Write-Host "$Message"
}
catch [Exception]
{
$Message = "Unable to create $ProfileName profile: $_"
Write-Host "$Message"
exit
}
$Message = "Complete."
Write-Host "$Message"

Weitere RessourcenAdditional Resources

Im folgenden finden Sie weitere Ressourcen zur Unterstützung Ihrer VPN-Bereitstellung.The following are additional resources to assist with your VPN deployment.

VPN-Client Konfigurations RessourcenVPN client configuration resources

Im folgenden finden Sie VPN-Client Konfigurations Ressourcen.The following are VPN client configuration resources.

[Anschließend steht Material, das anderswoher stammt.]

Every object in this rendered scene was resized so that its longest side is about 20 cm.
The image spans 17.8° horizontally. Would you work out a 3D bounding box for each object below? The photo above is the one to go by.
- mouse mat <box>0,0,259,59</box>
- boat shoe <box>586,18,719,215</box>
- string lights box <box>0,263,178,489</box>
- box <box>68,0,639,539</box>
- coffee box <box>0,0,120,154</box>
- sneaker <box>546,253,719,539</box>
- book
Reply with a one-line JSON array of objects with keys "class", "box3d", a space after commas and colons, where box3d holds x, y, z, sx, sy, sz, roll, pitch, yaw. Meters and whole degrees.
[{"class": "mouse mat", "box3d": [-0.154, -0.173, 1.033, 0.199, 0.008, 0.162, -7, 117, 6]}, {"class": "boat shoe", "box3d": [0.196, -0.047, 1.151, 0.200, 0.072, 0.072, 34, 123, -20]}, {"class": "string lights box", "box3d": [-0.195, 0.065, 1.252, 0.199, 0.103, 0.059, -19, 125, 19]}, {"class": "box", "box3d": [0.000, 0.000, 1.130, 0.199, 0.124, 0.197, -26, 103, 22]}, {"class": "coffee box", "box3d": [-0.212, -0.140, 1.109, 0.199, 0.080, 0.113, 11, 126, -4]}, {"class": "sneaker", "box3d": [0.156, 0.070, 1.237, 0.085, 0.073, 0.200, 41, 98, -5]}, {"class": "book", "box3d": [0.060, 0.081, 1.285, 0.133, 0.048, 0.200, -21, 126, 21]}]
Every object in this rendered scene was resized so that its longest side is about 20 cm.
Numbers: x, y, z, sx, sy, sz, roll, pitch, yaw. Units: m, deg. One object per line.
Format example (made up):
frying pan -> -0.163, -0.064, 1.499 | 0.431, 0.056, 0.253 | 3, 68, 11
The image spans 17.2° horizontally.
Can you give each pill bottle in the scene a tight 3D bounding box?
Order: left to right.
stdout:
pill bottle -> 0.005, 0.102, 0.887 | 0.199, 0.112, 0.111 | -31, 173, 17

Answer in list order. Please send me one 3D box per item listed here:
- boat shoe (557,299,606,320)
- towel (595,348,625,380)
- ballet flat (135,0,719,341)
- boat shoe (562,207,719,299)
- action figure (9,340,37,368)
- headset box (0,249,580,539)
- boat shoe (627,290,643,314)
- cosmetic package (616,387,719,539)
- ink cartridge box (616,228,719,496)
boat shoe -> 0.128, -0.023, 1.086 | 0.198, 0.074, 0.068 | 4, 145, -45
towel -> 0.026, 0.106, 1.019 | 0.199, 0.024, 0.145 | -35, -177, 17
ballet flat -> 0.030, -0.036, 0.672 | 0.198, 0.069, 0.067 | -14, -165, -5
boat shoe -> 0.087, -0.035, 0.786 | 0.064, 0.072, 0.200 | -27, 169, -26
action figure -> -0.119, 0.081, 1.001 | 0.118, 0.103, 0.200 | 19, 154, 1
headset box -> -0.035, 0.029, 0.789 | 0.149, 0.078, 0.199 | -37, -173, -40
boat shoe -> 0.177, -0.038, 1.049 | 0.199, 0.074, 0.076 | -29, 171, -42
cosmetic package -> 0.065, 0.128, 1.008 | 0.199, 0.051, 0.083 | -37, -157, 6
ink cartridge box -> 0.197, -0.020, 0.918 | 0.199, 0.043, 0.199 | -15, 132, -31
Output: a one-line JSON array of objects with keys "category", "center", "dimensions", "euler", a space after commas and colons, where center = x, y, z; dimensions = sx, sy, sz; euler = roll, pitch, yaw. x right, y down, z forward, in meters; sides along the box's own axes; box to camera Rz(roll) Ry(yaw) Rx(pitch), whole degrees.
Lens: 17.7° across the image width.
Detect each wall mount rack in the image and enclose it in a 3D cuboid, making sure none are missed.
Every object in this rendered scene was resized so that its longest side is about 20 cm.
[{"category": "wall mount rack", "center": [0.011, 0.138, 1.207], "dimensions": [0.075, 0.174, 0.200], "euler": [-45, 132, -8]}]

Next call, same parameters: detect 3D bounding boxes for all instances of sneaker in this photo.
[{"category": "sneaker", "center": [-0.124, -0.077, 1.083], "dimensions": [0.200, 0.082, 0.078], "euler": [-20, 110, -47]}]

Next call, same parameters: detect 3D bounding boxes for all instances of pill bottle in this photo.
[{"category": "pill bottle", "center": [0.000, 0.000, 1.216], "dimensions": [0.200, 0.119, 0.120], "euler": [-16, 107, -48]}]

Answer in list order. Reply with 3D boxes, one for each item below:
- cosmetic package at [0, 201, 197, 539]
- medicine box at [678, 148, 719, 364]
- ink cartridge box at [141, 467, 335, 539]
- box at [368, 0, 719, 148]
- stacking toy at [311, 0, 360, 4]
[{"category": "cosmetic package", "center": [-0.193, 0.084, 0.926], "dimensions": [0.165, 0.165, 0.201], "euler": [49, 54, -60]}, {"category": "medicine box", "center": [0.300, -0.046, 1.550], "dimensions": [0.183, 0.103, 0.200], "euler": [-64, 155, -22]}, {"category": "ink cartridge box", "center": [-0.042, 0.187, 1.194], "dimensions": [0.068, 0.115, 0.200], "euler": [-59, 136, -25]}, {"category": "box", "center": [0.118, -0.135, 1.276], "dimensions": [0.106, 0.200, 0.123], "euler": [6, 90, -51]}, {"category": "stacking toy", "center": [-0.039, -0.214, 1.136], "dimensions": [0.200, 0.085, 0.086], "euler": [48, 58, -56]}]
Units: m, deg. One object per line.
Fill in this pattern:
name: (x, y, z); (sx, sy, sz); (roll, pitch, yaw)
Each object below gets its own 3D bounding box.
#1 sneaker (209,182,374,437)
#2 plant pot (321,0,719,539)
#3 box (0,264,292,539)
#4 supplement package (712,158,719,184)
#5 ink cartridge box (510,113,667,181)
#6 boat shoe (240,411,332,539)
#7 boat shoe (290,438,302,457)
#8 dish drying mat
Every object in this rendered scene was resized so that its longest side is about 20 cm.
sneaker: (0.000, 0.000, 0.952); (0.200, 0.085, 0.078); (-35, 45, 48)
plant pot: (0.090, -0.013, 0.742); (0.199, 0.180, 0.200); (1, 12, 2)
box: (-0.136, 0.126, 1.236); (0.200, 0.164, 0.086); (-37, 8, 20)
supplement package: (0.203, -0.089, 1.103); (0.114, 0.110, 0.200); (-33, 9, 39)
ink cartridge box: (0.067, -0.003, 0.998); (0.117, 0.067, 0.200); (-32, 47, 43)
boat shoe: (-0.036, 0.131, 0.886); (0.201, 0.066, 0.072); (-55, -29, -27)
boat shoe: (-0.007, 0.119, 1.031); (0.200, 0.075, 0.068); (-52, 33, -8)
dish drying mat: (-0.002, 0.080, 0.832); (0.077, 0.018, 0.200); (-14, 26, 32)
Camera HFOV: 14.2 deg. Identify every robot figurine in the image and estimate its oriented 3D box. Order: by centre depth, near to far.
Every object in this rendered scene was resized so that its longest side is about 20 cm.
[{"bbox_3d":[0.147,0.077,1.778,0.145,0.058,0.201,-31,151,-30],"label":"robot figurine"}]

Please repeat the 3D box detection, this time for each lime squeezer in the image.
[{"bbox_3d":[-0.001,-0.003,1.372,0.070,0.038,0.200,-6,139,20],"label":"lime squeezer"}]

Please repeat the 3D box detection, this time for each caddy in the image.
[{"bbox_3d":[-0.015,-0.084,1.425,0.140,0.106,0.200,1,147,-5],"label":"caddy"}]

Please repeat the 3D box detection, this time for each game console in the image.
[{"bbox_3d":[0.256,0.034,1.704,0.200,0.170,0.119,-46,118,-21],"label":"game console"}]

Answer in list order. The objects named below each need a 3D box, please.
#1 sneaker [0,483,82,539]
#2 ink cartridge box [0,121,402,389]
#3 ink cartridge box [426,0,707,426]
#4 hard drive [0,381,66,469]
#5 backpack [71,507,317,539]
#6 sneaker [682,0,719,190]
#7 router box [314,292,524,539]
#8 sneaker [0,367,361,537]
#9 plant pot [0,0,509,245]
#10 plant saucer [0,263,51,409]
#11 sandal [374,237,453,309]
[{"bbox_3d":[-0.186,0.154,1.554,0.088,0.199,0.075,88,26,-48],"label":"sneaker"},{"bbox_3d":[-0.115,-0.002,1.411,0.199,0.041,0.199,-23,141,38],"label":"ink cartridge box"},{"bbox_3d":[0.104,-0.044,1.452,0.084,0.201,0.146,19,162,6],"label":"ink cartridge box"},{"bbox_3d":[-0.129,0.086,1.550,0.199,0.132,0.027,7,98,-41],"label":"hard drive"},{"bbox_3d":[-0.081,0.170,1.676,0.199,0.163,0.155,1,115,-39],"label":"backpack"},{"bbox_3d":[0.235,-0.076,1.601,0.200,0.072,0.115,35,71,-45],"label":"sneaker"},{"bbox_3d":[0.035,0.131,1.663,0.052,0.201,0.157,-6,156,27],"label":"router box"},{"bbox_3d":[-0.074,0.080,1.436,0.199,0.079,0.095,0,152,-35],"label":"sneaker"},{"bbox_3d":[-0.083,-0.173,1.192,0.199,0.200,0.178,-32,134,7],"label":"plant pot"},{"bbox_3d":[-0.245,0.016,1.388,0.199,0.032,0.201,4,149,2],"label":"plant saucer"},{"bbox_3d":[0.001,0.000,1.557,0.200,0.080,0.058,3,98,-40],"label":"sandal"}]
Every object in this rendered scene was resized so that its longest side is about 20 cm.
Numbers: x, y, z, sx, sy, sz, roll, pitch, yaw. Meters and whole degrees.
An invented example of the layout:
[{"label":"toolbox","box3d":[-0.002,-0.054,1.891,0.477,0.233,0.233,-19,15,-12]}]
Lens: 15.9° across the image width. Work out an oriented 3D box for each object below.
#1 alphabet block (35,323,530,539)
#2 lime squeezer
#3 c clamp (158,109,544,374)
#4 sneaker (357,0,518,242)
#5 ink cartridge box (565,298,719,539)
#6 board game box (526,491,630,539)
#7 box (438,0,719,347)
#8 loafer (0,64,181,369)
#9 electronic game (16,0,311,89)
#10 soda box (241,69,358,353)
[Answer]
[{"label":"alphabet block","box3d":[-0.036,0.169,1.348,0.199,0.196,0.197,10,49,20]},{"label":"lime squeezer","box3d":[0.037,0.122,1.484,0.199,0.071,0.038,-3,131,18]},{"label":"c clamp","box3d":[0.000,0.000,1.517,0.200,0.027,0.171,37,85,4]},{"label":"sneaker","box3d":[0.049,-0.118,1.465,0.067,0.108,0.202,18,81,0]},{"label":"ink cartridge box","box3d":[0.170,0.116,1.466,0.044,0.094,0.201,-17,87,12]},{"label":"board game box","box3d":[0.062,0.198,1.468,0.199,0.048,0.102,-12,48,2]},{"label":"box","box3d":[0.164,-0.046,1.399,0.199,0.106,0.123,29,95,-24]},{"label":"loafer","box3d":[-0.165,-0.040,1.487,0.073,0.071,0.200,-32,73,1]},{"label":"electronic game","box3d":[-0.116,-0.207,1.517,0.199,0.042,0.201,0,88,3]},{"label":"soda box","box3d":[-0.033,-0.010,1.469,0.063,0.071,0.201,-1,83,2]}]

Remote Zugriffs-Server Gateway-RessourcenRemote Access Server Gateway resources

Im folgenden finden Sie RAS-gatewayressourcen (Remote Access Server).The following are Remote Access Server (RAS) Gateway resources.

Wichtig

Wenn Sie den Geräte Tunnel mit einem Microsoft RAS-Gateway verwenden, müssen Sie den RRAS-Server für die Unterstützung der IKEv2-Computer Zertifikat Authentifizierung konfigurieren, indem Sie die Authentifizierungsmethode " Computer Zertifikat Authentifizierung für IKEv2 zulassen " aktivieren, wie hierbeschrieben.When using Device Tunnel with a Microsoft RAS gateway, you will need to configure the RRAS server to support IKEv2 machine certificate authentication by enabling the Allow machine certificate authentication for IKEv2 authentication method as described here. Wenn diese Einstellung aktiviert ist, wird dringend empfohlen, dass das PowerShell-Cmdlet Set-vpnauthprotocol zusammen mit dem optionalen Parameter rootcertifikatenametoaccept verwendet wird, um sicherzustellen, dass RRAS-IKEv2-Verbindungen nur für VPN-Client Zertifikate zulässig sind, die mit einer explizit definierten internen/privaten Stamm Zertifizierungsstelle verkettet sind.Once this setting is enabled, it is strongly recommended that the Set-VpnAuthProtocol PowerShell cmdlet, along with the RootCertificateNameToAccept optional parameter, is used to ensure that RRAS IKEv2 connections are only permitted for VPN client certificates that chain to an explicitly defined internal/private Root Certification Authority. Alternativ dazu sollte der Speicher für Vertrauenswürdige Stamm Zertifizierungs stellen auf dem RRAS-Server geändert werden, um sicherzustellen, dass er keine öffentlichen Zertifizierungsstellen enthält, wie hiererläutert.Alternatively, the Trusted Root Certification Authorities store on the RRAS server should be amended to ensure that it does not contain public certification authorities as discussed here. Ähnliche Methoden müssen möglicherweise auch für andere VPN-Gateways in Erwägung gezogen werden.Similar methods may also need to be considered for other VPN gateways.